Whatever epiphanies the animals brought me by day did nothing to make my nights easier. As I had done when I was a child, I did the best that I could to crowd my troubles and my pain out of my life with work. Every day I was up by 7:00 a.m. to feed the animals. From there, I changed into my three-piece suit and went straight to my $7,000 a month executive job in Fremont. By 3:00 p.m. I was back at the stable where I changed clothes, stuck a straw in my mouth, toted feed, and played Calaban to the old dowagers and society women whose horses I was happy to look after. The society women taught me about prejudice, something I had never felt in my life before. They treated me like nuclear waste, afraid to meet my eyes or touch me, projecting the worst aspects of themselves onto me because of the job I held. I knew this because I could read all of their thoughts. Knowing what they were thinking didn't make the experience any less painful.

Nights at the stables were when my troubles came home to roost. I would linger outside longer and longer before I went to bed, studying the stars from the steps of my motorhome, saying goodnight to the horses, doing all of these things like a child asking over and over for water because it is afraid of the monsters that only it knows await under the bed. My monsters waited inside my motorhome. They knew that I had to sleep sometime. And they knew that to sleep I had to let go and then they had me.

At those moments I felt utterly lost.

The monsters were my own creations, my failures and my fears. They gathered around my bed to tell me that I'd never be loved again, that I was a failure as a businessman, father, and husband, and that I was a failure as a healer.

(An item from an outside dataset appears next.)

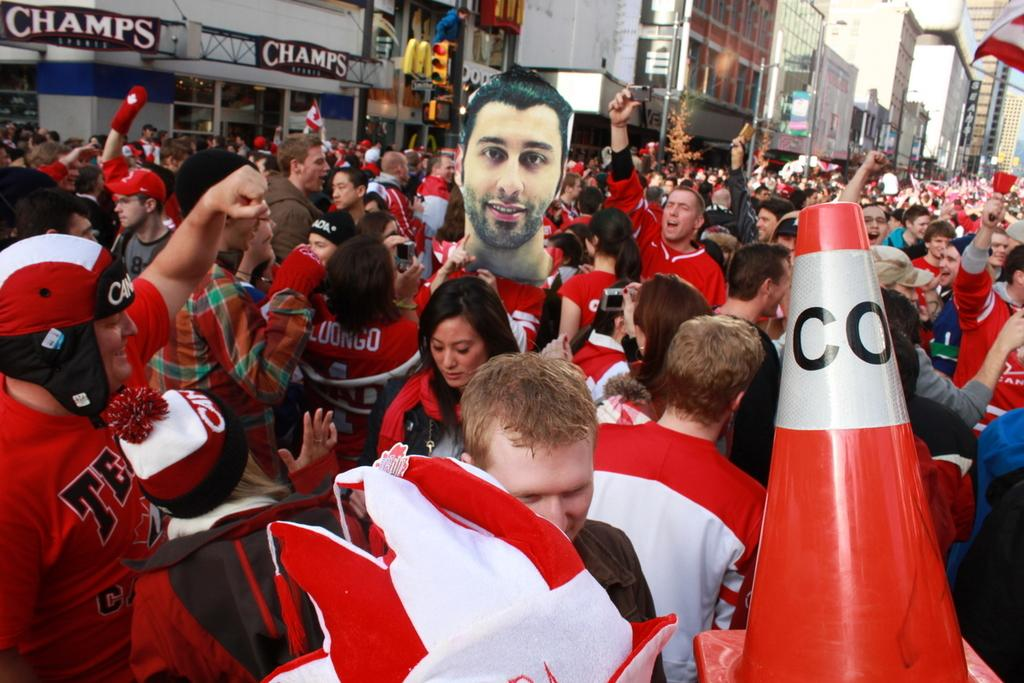What can be seen in the image in terms of people? There are groups of people in the image. What type of structures are visible in the image? There are buildings in the image. What traffic control device is present in the image? There is a traffic light in the image. What symbol or emblem can be seen in the image? There is a flag in the image. How does the gate provide pleasure to the people in the image? There is no gate present in the image, so it cannot provide pleasure to the people.

It was the last of these that bothered me the most. I had unwittingly bargained away everything that I ever cared about so I could become a healer, and now I had no clients. I couldn't understand it. I had learned so much and would gladly offer it all to anyone who asked yet no one came. I was so certain that this was what I was meant to do, what I had incarnated for, what I had died in other lifetimes to bring forward into the present time. The fear that I might have been wrong gnawed at me like rats worrying the ropes and stays that were all that held me together. If I was wrong then all of my dreams and visions, all of the pain that I had caused myself and others, all of it was pointless. This thought haunted me like no other.

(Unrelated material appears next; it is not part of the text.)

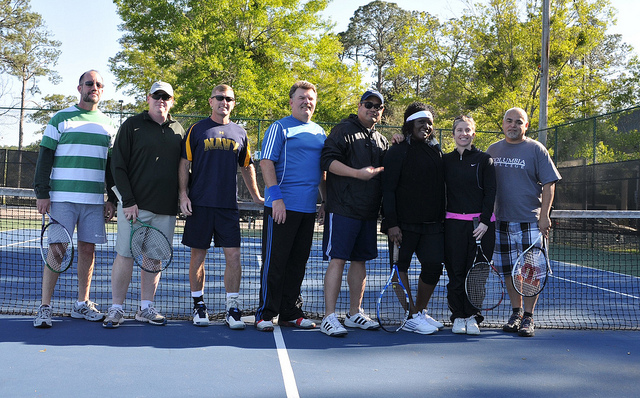Identify and read out the text in this image. NAVY

I started to have bouts of uncontrollable crying. Like seabirds flying before a squall they were the harbingers of my approaching emotional breakdown. Finally I came completely unraveled, falling to pieces in a motel during a business trip to Seattle.

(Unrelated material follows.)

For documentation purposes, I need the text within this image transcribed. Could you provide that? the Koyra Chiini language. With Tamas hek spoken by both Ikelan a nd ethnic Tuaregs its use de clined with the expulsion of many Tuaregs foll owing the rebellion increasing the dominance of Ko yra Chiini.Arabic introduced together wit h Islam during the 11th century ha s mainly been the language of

I had taken a ruby amethyst crystal down to the motel's hot tub with me. When I finished my meditation and lowered the crystal from my forehead, all the makeshift dams within me suddenly gave way at once. A huge wave of sorrow washed over me, followed by another and then another until I was shaking and crying like a baby. There was nothing that I could do to stop it. My tears were endless. I cried for all of the things that I had lost. I cried for my children. I cried for my parents. I cried for the love that I had squandered. I cried for the mere fact that I existed. The steaming water of the hot tub became my tears, the tears became me, and I became all of the sorrow that ever was until I was lost in an endless dark ocean of my own creation.

In the morning I awoke in a cold knot of clammy sheets in my room, unsure of where I was and with no idea of how I got there. I dressed shakily, went down to breakfast and read the menu over and over until the waitress asked me if there was something wrong. I blinked and shook my head, unable to speak. I felt so fragile that a single touch from her would have destroyed me.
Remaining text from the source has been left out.